TTB ve SES, OHAL ilanı ile birlikte kamuda süren haksız ve hukuksuz işten çıkarmalar, açığa almalar, gözaltılar ve tutuklamalara tepki göstermek amacıyla 27 Eylül 2016 Salı günü Sağlık Bakanlığı önünde basın açıklaması yaptı.

Öğle saatlerinde gerçekleştirilen açıklamaya TTB Genel Sekreteri Dr. Sezai Berber, TTB Merkez Konseyi üyesi Dr. Selma Güngör, Ankara Tabip Odası (ATO) Başkanı Dr. Vedat Bulut, ATO Yönetim Kurulu üyesi Dr. Onur Naci Karahancı, KESK ve SES yöneticileri ile çok sayıda hekim ve sağlık çalışanı katıldı. Açıklamaya  Prof. Dr. Baskın Oran ve CHP Milletvekili Dr. Murat Emir de destek verdi. 

Ortak açıklamayı SES Eş Genel Başkanı İbrahim Kara okudu. Kara, son günlerde hükümet üyelerinin yaptığı açıklamaların, başta sağlık emekçileri olmak üzere kamu emekçilerinin Fethullahçı cemaat yapılanmasından sonra şimdi de PKK ile ilişkilendirilerek, herhangi bir soruşturma süreci işletilmeden, keyfi olarak ihraç edilmek istendiklerini ortaya koyduğunu söyledi. Kara, darbeyle mücadele adı altında baskıyı derinleştirip, hukuksuzluğun kural haline getirilmesine izin vermeyeceklerini kaydetti. 

TTB Genel Sekreteri Dr. Sezai Berber burada yaptığı konuşmada, eğitim emekçilerinin ardından şimdi de kamuda görev yapan sağlık emekçilerine yönelik bir görevden alma operasyonu başlayacağına yönelik duyumlar aldıklarını belirterek, "Şu unutulmamalıdır ki, sağlık emekçilerinin hizmetinin aksaması durumunda bu kararın altına imzası olan insanlar, bebeklerin, annelerin ölümünden, kronik hastaların ölümünden sorumlu olacaklardır. Unutmasınlar ki bir gün adil yargılamanın önünde hesap vereceklerdir" diye konuştu.

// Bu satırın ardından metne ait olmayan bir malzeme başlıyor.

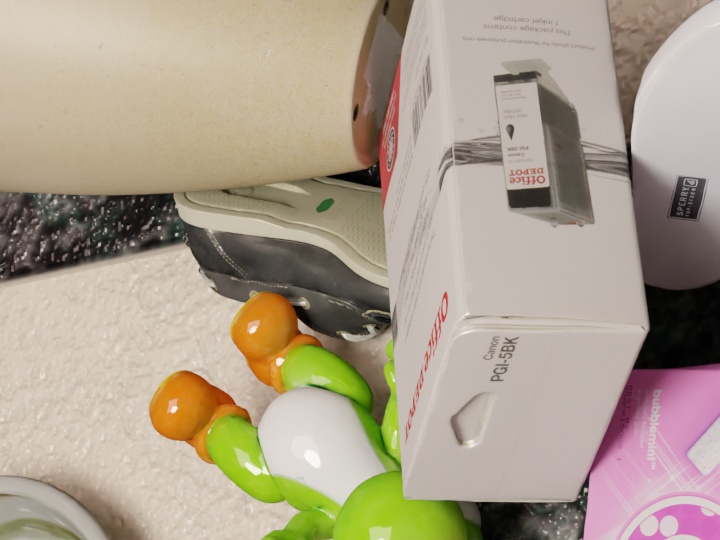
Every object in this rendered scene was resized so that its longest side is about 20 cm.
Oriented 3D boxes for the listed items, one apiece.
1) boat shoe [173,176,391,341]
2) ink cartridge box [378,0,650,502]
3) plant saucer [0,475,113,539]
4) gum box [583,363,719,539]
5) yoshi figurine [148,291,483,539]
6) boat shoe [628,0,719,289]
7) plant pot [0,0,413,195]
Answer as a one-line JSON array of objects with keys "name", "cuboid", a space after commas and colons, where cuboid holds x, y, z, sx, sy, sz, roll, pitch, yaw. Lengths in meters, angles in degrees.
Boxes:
[{"name": "boat shoe", "cuboid": [0.000, 0.000, 1.353, 0.200, 0.072, 0.068, 16, 126, 30]}, {"name": "ink cartridge box", "cuboid": [0.063, -0.018, 1.216, 0.147, 0.083, 0.200, 105, 164, -54]}, {"name": "plant saucer", "cuboid": [-0.179, 0.207, 1.428, 0.200, 0.050, 0.201, -9, 75, 34]}, {"name": "gum box", "cuboid": [0.158, 0.134, 1.193, 0.113, 0.066, 0.201, -2, 78, 36]}, {"name": "yoshi figurine", "cuboid": [-0.008, 0.093, 1.277, 0.200, 0.112, 0.113, 40, 127, 30]}, {"name": "boat shoe", "cuboid": [0.151, -0.069, 1.189, 0.071, 0.200, 0.068, 8, 59, 2]}, {"name": "plant pot", "cuboid": [-0.081, -0.114, 1.340, 0.199, 0.187, 0.188, 11, 85, 17]}]
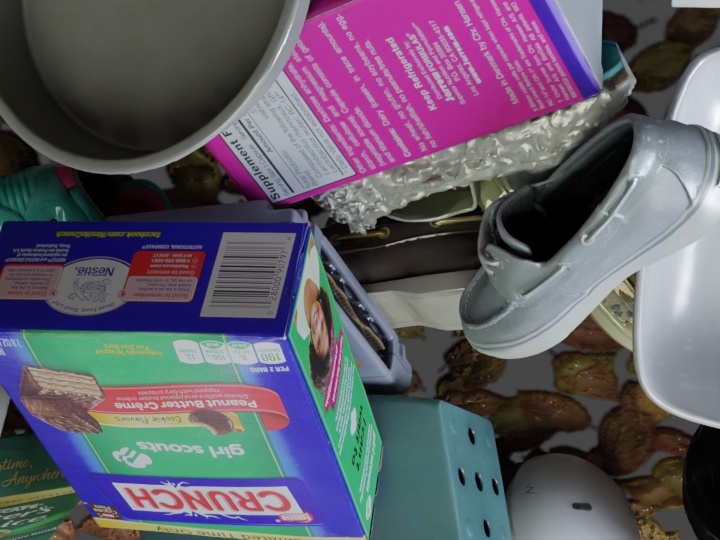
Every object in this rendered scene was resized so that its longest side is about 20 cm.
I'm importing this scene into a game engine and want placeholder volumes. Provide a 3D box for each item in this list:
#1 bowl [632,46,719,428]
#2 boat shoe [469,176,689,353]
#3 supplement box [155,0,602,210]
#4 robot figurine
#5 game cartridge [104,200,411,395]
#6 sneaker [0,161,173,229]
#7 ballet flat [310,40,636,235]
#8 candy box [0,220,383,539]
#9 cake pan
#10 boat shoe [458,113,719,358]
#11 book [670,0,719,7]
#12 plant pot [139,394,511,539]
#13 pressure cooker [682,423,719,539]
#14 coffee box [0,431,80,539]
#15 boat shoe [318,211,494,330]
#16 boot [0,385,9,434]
[{"bbox_3d":[0.242,-0.014,0.771,0.198,0.075,0.202,8,99,1],"label":"bowl"},{"bbox_3d":[0.149,-0.014,0.831,0.199,0.074,0.063,36,132,-21],"label":"boat shoe"},{"bbox_3d":[0.012,-0.122,0.734,0.199,0.102,0.104,-16,130,26],"label":"supplement box"},{"bbox_3d":[0.098,0.205,1.015,0.199,0.150,0.125,-29,91,33],"label":"robot figurine"},{"bbox_3d":[-0.062,0.026,0.842,0.132,0.042,0.200,-9,150,18],"label":"game cartridge"},{"bbox_3d":[-0.162,0.000,0.895,0.120,0.084,0.200,-24,146,0],"label":"sneaker"},{"bbox_3d":[0.060,-0.065,0.774,0.199,0.072,0.072,-13,130,31],"label":"ballet flat"},{"bbox_3d":[-0.088,0.064,0.779,0.168,0.077,0.201,1,143,16],"label":"candy box"},{"bbox_3d":[-0.103,-0.145,0.698,0.199,0.202,0.037,-18,170,26],"label":"cake pan"},{"bbox_3d":[0.097,-0.020,0.738,0.071,0.071,0.201,20,145,-23],"label":"boat shoe"},{"bbox_3d":[0.245,-0.187,0.671,0.198,0.048,0.134,2,130,12],"label":"book"},{"bbox_3d":[-0.017,0.151,0.915,0.199,0.142,0.141,-17,160,23],"label":"plant pot"},{"bbox_3d":[0.310,0.167,0.906,0.178,0.176,0.200,-32,125,5],"label":"pressure cooker"},{"bbox_3d":[-0.264,0.162,1.028,0.122,0.044,0.200,-5,160,-25],"label":"coffee box"},{"bbox_3d":[0.000,0.000,0.883,0.198,0.060,0.072,-4,153,18],"label":"boat shoe"},{"bbox_3d":[-0.273,0.131,0.877,0.095,0.074,0.202,12,104,-17],"label":"boot"}]
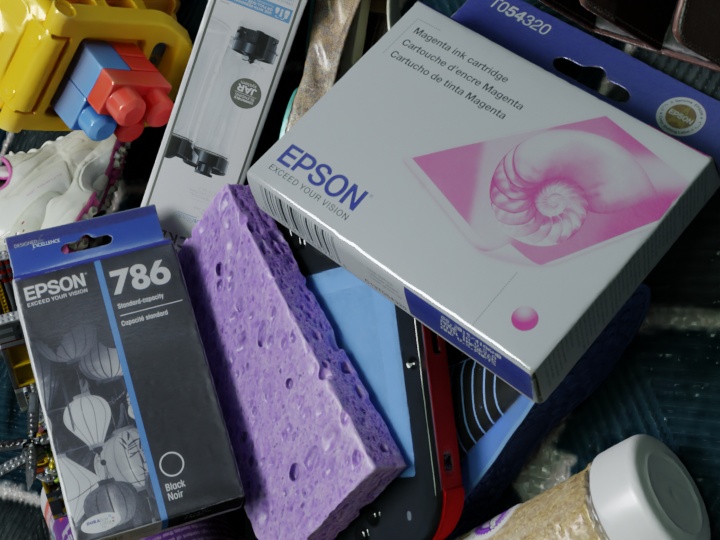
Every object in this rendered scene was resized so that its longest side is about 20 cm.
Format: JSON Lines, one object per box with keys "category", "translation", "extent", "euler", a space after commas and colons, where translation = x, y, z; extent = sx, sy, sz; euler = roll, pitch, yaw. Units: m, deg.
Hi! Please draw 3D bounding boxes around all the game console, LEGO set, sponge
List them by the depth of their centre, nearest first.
{"category": "game console", "translation": [-0.020, 0.061, 0.723], "extent": [0.176, 0.031, 0.203], "euler": [-12, 82, 42]}
{"category": "sponge", "translation": [-0.055, 0.060, 0.724], "extent": [0.112, 0.030, 0.201], "euler": [-52, 55, 37]}
{"category": "LEGO set", "translation": [-0.165, 0.055, 0.792], "extent": [0.117, 0.152, 0.202], "euler": [93, 166, -52]}

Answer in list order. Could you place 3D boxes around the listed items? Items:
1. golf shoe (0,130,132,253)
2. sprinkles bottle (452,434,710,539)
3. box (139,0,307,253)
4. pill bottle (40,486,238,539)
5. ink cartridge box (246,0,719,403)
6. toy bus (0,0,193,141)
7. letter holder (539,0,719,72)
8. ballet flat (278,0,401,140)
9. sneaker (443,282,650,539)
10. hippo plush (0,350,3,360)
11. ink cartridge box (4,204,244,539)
{"category": "golf shoe", "translation": [-0.225, -0.071, 0.915], "extent": [0.201, 0.091, 0.076], "euler": [-78, 9, -58]}
{"category": "sprinkles bottle", "translation": [0.088, 0.161, 0.669], "extent": [0.199, 0.068, 0.069], "euler": [-37, 61, 31]}
{"category": "box", "translation": [-0.096, -0.101, 0.841], "extent": [0.117, 0.059, 0.202], "euler": [-112, 41, -78]}
{"category": "pill bottle", "translation": [-0.127, 0.209, 0.819], "extent": [0.112, 0.111, 0.201], "euler": [-51, 54, 23]}
{"category": "ink cartridge box", "translation": [0.075, -0.063, 0.648], "extent": [0.195, 0.043, 0.200], "euler": [33, 72, 28]}
{"category": "toy bus", "translation": [-0.188, -0.163, 0.897], "extent": [0.192, 0.199, 0.136], "euler": [45, 118, 21]}
{"category": "letter holder", "translation": [0.159, -0.221, 0.621], "extent": [0.100, 0.141, 0.202], "euler": [28, 101, 40]}
{"category": "ballet flat", "translation": [-0.009, -0.117, 0.807], "extent": [0.066, 0.068, 0.203], "euler": [10, 91, 20]}
{"category": "sneaker", "translation": [0.075, 0.062, 0.696], "extent": [0.078, 0.070, 0.201], "euler": [49, 115, 27]}
{"category": "hippo plush", "translation": [-0.338, -0.005, 0.986], "extent": [0.200, 0.159, 0.161], "euler": [-50, 34, 41]}
{"category": "ink cartridge box", "translation": [-0.141, 0.053, 0.724], "extent": [0.039, 0.098, 0.202], "euler": [111, 141, -66]}
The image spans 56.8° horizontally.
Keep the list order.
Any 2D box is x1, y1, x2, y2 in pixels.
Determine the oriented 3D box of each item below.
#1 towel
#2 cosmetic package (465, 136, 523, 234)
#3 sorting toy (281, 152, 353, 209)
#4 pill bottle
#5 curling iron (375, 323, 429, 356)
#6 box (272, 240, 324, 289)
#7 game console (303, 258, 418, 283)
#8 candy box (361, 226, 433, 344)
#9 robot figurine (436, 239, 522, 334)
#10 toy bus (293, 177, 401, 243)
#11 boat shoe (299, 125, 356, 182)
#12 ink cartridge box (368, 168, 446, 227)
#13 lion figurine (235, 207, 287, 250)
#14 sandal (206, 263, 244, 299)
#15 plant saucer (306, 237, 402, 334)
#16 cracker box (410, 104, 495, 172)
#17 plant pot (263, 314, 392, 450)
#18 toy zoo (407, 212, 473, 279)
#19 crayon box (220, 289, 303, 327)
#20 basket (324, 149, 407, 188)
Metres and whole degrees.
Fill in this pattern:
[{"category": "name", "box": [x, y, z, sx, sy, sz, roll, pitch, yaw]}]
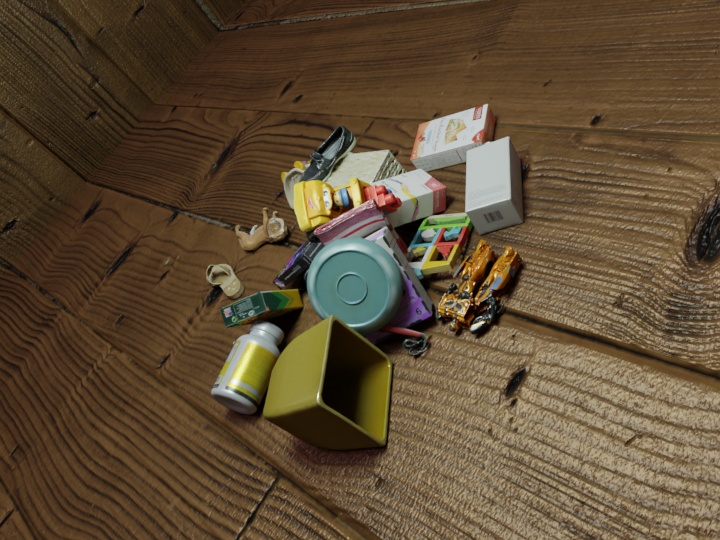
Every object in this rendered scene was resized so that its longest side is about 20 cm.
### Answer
[{"category": "towel", "box": [0.009, -0.056, 1.422, 0.144, 0.200, 0.023, -27, 48, 11]}, {"category": "cosmetic package", "box": [0.297, -0.191, 1.478, 0.107, 0.085, 0.200, -15, 45, 29]}, {"category": "sorting toy", "box": [-0.110, -0.275, 1.860, 0.180, 0.107, 0.200, -34, 7, -30]}, {"category": "pill bottle", "box": [-0.252, 0.219, 1.530, 0.112, 0.112, 0.200, -1, 54, 39]}, {"category": "curling iron", "box": [0.043, 0.125, 1.360, 0.200, 0.026, 0.050, 19, 79, 8]}, {"category": "box", "box": [-0.133, -0.041, 1.647, 0.200, 0.036, 0.143, -33, 18, 53]}, {"category": "game console", "box": [0.000, 0.000, 1.528, 0.200, 0.176, 0.116, -49, 11, -10]}, {"category": "candy box", "box": [0.031, 0.037, 1.390, 0.168, 0.200, 0.072, -28, 13, 17]}, {"category": "robot figurine", "box": [0.232, 0.035, 1.342, 0.145, 0.058, 0.200, 18, 67, 48]}, {"category": "toy bus", "box": [-0.019, -0.138, 1.434, 0.192, 0.200, 0.136, -20, 68, 31]}, {"category": "boat shoe", "box": [-0.094, -0.291, 1.707, 0.199, 0.066, 0.074, -44, 52, -5]}, {"category": "ink cartridge box", "box": [0.088, -0.166, 1.566, 0.200, 0.068, 0.116, -20, 39, -22]}, {"category": "lion figurine", "box": [-0.285, -0.103, 1.902, 0.200, 0.072, 0.123, -34, 50, 32]}, {"category": "sandal", "box": [-0.399, 0.011, 1.878, 0.078, 0.070, 0.212, -48, 39, -8]}, {"category": "plant saucer", "box": [-0.016, 0.034, 1.334, 0.200, 0.200, 0.027, -28, 2, 16]}, {"category": "cracker box", "box": [0.234, -0.332, 1.682, 0.200, 0.058, 0.134, -10, 49, 33]}, {"category": "plant pot", "box": [-0.077, 0.241, 1.316, 0.200, 0.195, 0.195, -25, 41, 34]}, {"category": "toy zoo", "box": [0.167, -0.053, 1.481, 0.131, 0.020, 0.200, -3, 43, 37]}, {"category": "crayon box", "box": [-0.227, 0.089, 1.613, 0.127, 0.200, 0.051, -22, 82, 24]}, {"category": "basket", "box": [0.009, -0.219, 1.711, 0.200, 0.123, 0.136, 1, 54, 41]}]

Bütün bunların içinde TTB aktivistlerinin hedef gösterildiğine dikkat çeken Berber,  Fethullahçı cemaat yapılanması ile hiçbir ilgisi olmadığı halde Karadeniz Teknik Üniversitesi Tıp Fakültesi'ndeki görevinden ihraç edilen Dr. Mihriban Yıldırım için şimdi de yakalama kararı çıkarıldığını kaydetti. 

Dr. Murat Emir de, bugün Fethullahçı cemaat yapılanması ile mücadele adı altında tam bir cadı avı gerçekleştirildiğini belirterek, OHAL'i de aşan KHK'ler çıkarıldığını ve KHK'ler ile kıyıma gidildiğini kaydetti. Emir, eğitim emekçilerine, sağlık emekçilerine, akademisyenlere, barış imzacılarına saldırıldığını belirterek, "Hedefleri darbeyi fırsata çevirmektir. Bize düşen darbe fırsatçılarına, diktatoryal eğilimi olanlara ve bu ülkeye adım adım faşimzi getirenlere karşı hep beraber karşı koymaktır. Mücadeleniz mücadelemizdir" diye konuştu.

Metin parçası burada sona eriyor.